Я вижу его отсюда, из моего утопающего в зелени, прохладного уголка, — вижу усталым, запыленным, в неложащейся, густой, как осенний туман, пыли, добровольно принявшим подвиг для того, чтобы на секунду приблизиться к раке отца Серафима.
По два, по три дня дожидались, стоя в нескончаемой шеренге очереди, войти в ограду монастыря и приложиться к мощам. И часто, какое-нибудь неразумное распоряжение полиции, — и человек, стоявший у самых ворот, отодвигался назад, Бог знает на какое время.
И вот, в этой толпе было одно лишь покорное ожидание, — ожидание этой минуты таинственного единения с этим чисто-народным, национальным святым, в лобзании его мощей.
Я думаю, если бы здесь были иностранцы, зараженные ненавистью к нам, они были бы прямо испуганы и ошарашены выносливостью русского человека.
Придти за сотни верст, питаясь черным хлебом и водою, и несколько дней на ногах, в тесной толпе, спокойно, скрестив руки на груди, ожидать мгновения приблизиться и коснуться губами чела старца Серафима, — сколько сил души надо иметь для такого подвига, какой неиссякаемый родник идеализма, питающий в себе этот подвиг!
И я думаю, что в эти дни внешнего страдания, многие из этих безвестных людей больше приблизились к старцу Серафиму, и он им больше откликнулся, чем всем нам, культурным людям, приехавшим в Саров с возможными удобствами и имевшими к святыне легкий доступ. Я думаю, что он, великий народолюбец, сумел тайно — от души к душе — так много и так сладко утешить своих бесчисленных, со всех концов прибредших к нему детей, что все они ушли от него обогащенные и обрадованные… Я думаю, что и те, которые не добрались до его раки, и те приходили в Саров не вотще, потому что он их все-таки принял и им ответил.
А нужно заметить, и нельзя на этом достаточно не настаивать, что отец Серафим был особенно милостив к простому люду. Конечно, он произвел сильнейшее впечатление на все классы русского общества, и во многих родовитых семьях почитание старца Серафима передавалось из поколения в поколение. Но беды и горести простолюдина, его приниженное положение, вызывали особенное сострадание со стороны Старца.

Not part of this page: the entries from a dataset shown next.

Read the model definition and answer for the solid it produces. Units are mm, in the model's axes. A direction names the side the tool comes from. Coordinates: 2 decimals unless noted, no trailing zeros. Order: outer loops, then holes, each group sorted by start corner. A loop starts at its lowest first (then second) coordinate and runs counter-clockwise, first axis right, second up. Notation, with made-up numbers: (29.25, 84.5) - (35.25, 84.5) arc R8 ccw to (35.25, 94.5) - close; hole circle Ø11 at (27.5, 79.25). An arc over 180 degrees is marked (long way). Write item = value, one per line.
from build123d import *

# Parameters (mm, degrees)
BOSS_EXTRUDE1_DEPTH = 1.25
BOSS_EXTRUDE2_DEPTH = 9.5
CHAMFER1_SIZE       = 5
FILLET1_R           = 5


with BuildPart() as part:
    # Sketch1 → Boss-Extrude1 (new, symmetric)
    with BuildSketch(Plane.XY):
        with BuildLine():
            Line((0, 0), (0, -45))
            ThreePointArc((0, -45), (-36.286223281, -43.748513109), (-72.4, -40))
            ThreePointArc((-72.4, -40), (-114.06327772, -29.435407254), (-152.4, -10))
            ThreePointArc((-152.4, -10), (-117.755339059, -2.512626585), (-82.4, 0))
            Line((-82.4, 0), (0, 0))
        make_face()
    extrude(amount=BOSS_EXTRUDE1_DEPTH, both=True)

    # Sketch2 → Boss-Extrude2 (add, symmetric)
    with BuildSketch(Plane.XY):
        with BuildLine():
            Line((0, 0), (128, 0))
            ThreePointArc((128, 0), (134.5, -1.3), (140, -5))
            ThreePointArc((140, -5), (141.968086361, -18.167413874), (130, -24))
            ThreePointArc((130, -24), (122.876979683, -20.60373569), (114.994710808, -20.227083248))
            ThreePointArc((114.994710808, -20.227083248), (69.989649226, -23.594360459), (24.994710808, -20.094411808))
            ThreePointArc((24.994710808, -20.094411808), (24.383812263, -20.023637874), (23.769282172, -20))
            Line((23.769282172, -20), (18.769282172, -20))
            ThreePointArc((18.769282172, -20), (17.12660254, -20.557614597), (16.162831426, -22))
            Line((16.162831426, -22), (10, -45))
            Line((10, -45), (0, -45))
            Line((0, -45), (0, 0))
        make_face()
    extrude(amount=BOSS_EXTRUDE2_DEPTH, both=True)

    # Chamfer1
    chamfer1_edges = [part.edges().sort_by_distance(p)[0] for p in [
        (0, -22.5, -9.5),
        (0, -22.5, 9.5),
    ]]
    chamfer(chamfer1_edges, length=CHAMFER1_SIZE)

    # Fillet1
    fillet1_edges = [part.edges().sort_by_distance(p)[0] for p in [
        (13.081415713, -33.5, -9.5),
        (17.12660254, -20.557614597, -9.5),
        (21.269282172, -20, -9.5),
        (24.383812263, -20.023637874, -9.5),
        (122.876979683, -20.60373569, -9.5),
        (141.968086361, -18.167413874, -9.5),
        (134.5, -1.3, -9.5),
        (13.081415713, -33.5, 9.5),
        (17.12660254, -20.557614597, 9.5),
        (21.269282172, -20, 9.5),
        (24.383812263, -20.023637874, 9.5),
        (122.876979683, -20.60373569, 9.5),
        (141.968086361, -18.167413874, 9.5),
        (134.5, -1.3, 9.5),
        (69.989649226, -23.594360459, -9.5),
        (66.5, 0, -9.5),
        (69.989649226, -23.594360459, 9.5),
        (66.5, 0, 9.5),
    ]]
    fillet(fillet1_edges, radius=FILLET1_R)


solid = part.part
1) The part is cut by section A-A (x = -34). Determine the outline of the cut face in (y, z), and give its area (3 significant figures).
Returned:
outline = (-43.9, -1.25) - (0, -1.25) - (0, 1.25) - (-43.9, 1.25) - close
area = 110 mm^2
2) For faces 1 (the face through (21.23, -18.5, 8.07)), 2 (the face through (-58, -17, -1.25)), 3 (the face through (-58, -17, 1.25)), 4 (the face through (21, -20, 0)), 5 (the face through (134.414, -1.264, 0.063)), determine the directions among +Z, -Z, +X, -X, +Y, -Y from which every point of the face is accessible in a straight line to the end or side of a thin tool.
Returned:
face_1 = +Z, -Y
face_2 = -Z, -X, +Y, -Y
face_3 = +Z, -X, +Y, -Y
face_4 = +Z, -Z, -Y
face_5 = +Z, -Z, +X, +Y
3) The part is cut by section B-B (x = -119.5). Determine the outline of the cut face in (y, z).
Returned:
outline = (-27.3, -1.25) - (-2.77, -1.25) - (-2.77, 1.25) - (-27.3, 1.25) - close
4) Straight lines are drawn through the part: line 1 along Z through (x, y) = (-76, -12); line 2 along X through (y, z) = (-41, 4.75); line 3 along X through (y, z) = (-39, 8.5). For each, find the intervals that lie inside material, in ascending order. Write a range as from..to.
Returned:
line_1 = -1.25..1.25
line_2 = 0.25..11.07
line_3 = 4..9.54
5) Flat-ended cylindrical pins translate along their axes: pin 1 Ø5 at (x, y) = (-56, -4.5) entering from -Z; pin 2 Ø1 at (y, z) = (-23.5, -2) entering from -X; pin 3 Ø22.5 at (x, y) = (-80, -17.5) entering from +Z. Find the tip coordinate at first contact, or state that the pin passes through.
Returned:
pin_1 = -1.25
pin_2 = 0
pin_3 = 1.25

Он не раз вступался за слабых пред сильными.
Как-то пришла к нему гордая барыня с крепостною девушкою. На вопрос Старца, кто с нею, барыня небрежно отвечала: «А это моя крепостная девка». Старец благословил обеих, и ласково заговорил с девушкой. Барыня была этим очень недовольна и все время старалась привлечь к себе внимание Старца. Старец вторично спросил: «кто это с вами». Барыня так же небрежно ответила: «А это моя крепостная девка».

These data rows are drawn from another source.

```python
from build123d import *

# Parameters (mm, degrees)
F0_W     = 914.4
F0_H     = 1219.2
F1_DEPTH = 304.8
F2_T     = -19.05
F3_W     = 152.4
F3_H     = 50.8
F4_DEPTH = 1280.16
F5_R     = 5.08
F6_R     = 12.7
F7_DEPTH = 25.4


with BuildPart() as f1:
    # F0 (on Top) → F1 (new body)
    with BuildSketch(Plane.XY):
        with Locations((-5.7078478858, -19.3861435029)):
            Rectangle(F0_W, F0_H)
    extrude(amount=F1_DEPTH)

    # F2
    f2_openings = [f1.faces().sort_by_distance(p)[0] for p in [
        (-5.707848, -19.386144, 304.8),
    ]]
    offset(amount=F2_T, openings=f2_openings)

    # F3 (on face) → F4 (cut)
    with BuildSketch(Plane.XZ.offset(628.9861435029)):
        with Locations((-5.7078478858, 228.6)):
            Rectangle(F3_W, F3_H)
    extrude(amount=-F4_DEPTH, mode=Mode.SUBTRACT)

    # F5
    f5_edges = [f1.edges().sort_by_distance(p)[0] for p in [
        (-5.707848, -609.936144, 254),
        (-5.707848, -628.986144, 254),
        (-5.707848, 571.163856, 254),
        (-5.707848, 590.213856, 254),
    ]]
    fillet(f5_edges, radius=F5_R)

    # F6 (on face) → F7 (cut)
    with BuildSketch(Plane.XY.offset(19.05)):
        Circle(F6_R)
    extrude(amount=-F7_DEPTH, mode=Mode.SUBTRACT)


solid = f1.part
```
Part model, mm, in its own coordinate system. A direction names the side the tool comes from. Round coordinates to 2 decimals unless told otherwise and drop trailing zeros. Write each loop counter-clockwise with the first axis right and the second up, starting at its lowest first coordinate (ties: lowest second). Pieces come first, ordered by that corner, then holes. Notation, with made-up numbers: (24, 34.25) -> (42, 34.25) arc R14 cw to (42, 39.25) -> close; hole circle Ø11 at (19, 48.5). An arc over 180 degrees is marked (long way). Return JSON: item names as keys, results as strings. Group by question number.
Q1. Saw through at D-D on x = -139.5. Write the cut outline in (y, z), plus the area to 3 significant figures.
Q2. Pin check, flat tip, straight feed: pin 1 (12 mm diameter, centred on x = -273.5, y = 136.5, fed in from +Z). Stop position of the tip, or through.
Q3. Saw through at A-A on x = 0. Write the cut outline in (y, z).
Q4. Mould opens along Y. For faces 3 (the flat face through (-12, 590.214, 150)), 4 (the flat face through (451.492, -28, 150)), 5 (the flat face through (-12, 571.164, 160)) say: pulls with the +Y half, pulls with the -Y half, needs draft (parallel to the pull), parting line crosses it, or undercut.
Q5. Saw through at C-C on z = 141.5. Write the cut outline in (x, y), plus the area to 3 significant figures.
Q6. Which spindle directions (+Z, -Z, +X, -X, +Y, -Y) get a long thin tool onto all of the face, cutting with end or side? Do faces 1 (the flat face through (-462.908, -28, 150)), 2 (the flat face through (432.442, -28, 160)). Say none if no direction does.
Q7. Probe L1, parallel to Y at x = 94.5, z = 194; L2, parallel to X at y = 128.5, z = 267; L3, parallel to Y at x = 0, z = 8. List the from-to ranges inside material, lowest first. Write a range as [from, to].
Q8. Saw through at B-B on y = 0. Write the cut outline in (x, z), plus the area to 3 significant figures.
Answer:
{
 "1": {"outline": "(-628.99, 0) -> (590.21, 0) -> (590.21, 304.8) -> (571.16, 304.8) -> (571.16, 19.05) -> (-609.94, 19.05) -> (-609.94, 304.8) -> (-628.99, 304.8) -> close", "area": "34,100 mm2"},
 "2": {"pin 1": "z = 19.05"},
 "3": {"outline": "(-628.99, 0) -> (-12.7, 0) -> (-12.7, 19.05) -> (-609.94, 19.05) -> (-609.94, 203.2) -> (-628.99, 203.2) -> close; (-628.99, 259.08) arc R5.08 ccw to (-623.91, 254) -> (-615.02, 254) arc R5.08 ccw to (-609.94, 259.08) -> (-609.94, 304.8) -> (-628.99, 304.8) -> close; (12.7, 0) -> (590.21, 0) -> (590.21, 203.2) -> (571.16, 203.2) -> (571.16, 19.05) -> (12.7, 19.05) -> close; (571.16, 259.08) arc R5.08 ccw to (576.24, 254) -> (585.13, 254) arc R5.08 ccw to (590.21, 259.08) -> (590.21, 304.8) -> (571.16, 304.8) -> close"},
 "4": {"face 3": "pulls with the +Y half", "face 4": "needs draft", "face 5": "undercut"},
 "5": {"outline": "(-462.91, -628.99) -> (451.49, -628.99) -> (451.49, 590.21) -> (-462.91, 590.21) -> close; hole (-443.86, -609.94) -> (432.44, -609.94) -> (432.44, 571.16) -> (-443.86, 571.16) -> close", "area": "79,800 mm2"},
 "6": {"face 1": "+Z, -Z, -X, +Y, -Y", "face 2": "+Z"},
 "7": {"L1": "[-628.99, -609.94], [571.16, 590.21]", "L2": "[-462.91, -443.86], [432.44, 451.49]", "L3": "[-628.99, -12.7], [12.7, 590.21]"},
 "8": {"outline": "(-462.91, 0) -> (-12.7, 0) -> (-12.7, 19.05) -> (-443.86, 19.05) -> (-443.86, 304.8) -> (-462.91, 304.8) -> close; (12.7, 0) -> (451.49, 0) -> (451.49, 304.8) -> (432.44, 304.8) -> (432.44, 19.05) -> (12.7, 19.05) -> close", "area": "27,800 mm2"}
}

Тогда отец Серафим решительно сказал ей: «Она не девка, а человек, хороший человек, и лучше нас с вами, потому что у нее честный нрав и доброе сердце!» Потом, обращаясь к бедной крепостной, он ласково сказал: «Господь над тобою, мое сокровище!» — и благословил ее.
В другой раз Старец, пуская к себе посетителей, все запирал дверь пред носом одного важного посетителя, крича: «Дома нет», или: «некогда». Когда, наконец, посетитель был допущен и попросил объяснения поступка Старца, отец Серафим ответил ему: «Так же поступают ваши подчиненные, когда приходят к вам нуждающиеся в вас люди. Они говорят постоянно: «барина дома нет», или: «барину некогда». А это нехорошо и оскорбляет Бога.
А сколько чудес совершено отцом Серафимом для маленьких, безвестных людей, скольким невидным людям помог он в их малых, с виду для большого человека но еще более, чем часто трагическое, большое несчастие для сильного человека, — трагичных бедах.
И, когда я смотрел на этот серый, безвестный люд, на эти загорелые лица и мозолистые руки, на коричневые армяки и лапти, когда мне до слез, до страдания становилось больно за них, за все, что они терпят, я тотчас же сознавал, что они-то и суть привилегированные гости отца Серафима и что им- то, этим смиренным, он больше всего и подает свою благодать.